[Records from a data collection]
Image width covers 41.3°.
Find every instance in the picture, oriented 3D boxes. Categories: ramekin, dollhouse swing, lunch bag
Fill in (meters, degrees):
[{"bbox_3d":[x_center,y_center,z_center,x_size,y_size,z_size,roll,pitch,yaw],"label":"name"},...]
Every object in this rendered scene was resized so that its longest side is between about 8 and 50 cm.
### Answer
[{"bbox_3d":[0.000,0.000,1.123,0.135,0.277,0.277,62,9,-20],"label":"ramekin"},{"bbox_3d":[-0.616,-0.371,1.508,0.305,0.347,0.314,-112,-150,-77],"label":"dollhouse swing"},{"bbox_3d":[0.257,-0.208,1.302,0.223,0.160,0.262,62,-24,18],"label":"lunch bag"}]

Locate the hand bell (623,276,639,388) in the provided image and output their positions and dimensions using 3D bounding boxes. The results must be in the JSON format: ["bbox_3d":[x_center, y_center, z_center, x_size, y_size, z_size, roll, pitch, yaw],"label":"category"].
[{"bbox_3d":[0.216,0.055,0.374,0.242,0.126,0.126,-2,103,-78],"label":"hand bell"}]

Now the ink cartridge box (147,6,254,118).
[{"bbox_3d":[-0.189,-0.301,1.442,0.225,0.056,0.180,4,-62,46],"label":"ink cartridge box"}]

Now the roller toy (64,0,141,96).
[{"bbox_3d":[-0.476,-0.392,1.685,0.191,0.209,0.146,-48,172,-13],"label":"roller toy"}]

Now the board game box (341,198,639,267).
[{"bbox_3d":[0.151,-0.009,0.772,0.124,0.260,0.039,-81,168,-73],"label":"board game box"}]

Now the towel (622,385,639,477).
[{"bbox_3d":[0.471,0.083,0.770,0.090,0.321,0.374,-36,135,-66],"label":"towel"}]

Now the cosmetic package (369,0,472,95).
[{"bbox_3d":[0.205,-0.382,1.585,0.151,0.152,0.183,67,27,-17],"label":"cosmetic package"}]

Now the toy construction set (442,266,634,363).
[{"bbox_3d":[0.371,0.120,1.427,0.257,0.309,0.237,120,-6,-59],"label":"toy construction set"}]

* * *

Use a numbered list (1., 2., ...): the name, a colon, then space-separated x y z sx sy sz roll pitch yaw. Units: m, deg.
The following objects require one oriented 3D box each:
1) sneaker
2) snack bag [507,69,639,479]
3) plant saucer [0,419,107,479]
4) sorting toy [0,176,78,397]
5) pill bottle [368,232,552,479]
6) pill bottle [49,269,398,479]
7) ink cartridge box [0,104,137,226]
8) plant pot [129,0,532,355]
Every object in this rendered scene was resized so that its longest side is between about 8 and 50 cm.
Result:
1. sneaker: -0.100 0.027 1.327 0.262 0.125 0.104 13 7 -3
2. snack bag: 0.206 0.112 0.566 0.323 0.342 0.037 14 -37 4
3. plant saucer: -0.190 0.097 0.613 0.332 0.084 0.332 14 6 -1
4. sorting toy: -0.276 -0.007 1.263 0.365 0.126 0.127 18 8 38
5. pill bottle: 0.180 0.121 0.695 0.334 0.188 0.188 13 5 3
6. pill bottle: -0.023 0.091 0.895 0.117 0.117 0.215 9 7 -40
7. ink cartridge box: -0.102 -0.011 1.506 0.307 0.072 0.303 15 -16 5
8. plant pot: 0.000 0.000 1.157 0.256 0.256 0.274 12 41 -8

--

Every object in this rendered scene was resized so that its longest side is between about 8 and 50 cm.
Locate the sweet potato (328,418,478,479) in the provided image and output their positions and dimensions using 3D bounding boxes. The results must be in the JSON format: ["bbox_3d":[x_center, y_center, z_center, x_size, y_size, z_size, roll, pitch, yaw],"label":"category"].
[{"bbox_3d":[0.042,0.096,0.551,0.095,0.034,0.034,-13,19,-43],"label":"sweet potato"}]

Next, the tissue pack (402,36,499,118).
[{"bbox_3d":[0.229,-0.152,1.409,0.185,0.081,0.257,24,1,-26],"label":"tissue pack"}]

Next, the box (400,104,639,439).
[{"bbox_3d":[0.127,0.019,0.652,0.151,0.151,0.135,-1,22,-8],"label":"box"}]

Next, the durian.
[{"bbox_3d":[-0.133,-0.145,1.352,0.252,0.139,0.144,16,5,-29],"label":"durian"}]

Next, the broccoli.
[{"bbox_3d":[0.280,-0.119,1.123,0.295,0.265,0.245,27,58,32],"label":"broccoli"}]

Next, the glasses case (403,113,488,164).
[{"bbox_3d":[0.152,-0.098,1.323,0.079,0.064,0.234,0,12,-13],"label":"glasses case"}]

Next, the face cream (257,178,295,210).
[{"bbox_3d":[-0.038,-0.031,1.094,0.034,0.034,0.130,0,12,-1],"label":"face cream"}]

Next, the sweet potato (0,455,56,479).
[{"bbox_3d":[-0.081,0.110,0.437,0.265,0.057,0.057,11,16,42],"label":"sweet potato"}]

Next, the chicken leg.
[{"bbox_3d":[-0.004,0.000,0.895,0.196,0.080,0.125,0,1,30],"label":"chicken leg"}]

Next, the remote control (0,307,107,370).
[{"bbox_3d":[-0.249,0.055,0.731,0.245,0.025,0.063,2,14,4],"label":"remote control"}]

> **Assignment**:
Check the entries above for the word "oriented" and copy every line where it turns up.

> **Answer box**:
Find every instance in the picture, oriented 3D boxes. Categories: ramekin, dollhouse swing, lunch bag
The following objects require one oriented 3D box each:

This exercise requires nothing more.